December 10, 2016

Professor by day, musician by night

Dan Hellinger escapes the busy life of being a college professor by strumming away on his mandolin and singing Americana songs, which include a mix of country, jazz, blues and rock ‘n’ roll. He is a member of two bands that play the Americana genre, Maple Jam and Sutton Street Shuffle.

He’s performed at Webster University, in venues around town and even for the Venezuelan Embassy in Washington, D.C. after the ambassador to the United States in Venezuela, Bernardo Herrera, invited him.

He picked up his first instrument, the guitar, in the 6th grade after his mother offered her old guitar to him and took him to music lessons.

“I actually wasn’t a good (musical) student then,” Hellinger said. “I didn’t want to practice, but I didn’t want to give it up either.”

That lack of dedication was one of his toughest challenges in learning an instrument.

He became part of his first band in high school, a wedding band called The Caravans. By that point, he knew how to read music from his lessons but didn’t have the ability to improvise and felt that he wasn’t a good musician.

“But the elite player in the band was an accordion player who no one else in the school got along with,” he said. “So he had to play with me whether he liked it or not.”

Hellinger started getting serious with his guitar playing when he got his first job as a professor at St. Olaf College in the late ‘70s. He could not pick up music by ear until he came to St.
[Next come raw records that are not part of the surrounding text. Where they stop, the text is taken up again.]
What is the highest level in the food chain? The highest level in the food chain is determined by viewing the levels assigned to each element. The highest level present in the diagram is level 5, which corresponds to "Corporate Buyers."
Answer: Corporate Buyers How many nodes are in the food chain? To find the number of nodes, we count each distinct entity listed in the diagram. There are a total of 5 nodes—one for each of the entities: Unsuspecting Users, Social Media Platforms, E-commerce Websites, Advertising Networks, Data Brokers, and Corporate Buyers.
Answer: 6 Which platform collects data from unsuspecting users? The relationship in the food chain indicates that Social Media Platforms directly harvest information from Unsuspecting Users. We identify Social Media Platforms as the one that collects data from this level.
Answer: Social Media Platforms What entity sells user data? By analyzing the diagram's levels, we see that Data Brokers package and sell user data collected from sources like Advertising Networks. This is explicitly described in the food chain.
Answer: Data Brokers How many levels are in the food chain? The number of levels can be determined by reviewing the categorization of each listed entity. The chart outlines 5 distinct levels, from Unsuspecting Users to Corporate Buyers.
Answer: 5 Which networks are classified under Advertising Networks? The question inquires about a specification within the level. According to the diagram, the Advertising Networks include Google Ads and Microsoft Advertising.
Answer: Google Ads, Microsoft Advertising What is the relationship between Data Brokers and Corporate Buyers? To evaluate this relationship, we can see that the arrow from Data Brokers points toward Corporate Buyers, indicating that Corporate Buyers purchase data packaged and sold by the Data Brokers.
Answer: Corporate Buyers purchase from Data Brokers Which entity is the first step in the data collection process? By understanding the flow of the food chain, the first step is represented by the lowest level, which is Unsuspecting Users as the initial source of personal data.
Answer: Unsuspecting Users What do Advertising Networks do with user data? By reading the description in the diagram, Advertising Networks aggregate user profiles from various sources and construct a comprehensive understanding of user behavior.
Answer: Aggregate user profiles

Louis in 1979, after becoming an international relations professor at Webster.

He started going to jam sessions in places like The Focal Point in Maplewood, where he played music with others, which helped him learn to play music by ear. Hellinger calls the jam sessions “an organized disorganization.” He said he noticed that there were a lot of guitars at the jams, so around 15 to 20 years ago, he decided to learn to play the mandolin. He thinks it is his best instrument.

“I think I got pretty good. There’s always people better than you in town that you can learn from,” he said.

He said he plays the mandolin 90 percent of the time in one of his bands, Maple Jam. He began playing in Maple Jam around 12 or 13 years ago. Hellinger and the other three band members met at a jam that was held in Maplewood, which explains the name.

Hellinger started his second band, Sutton Street Shuffle, around five years ago. He also met the other two band members at a jam and invited them to play with him. They rotate an extra musician depending on the venue they are playing. Along with playing the guitar and mandolin, he also plays the fiddle with Sutton Street Shuffle — which he learned how to play around six years ago.

His latest performance was with Sutton Street Shuffle at Evangeline’s Bistro and Music House. All the tables but one were filled in the dimly-lit room. They performed covers of traditional songs in the Americana genre. They also “shuffle” their instruments, where the players switch the instruments they’re playing with each other or just pick up a different instrument to play.

“It keeps it new,” said Sutton Street Shuffle member Adrienne Burke. “No moss grows on us.”

One of the audience members who was tapping her feet with the music was Hellinger’s wife, Joanne Eng-Hellinger.  She said she enjoys listening to bluegrass, classical music and jazz, and Sutton Street Shuffle offers all of those.

She usually goes to the performances when Dan Hellinger is there for the first time; after that, “I’ve heard the repertoire,” she said laughing. “For Dan, this is a release from a typical day on campus,” Eng-Hellinger said. She said Dan Hellinger practices for at least an hour a day.

He said he enjoys playing music and that if he wasn’t a college professor, he’d probably try to be a professional musician. He said one of the benefits of playing an instrument like the mandolin is its portability, since he travels a lot to places like Venezuela for research. Most places he goes, he can readily play it along with someone else and move into the culture better.

When he retires from teaching, he would like to put more emphasis on learning more songs. He compares playing music to learning a foreign language.

“When you start out, it’s just work. It’s learning and you got to have dedication and fight your way through the frustration,” he said. “But once you get it, it’s a pleasure to be able to play it and be able to enjoy it.”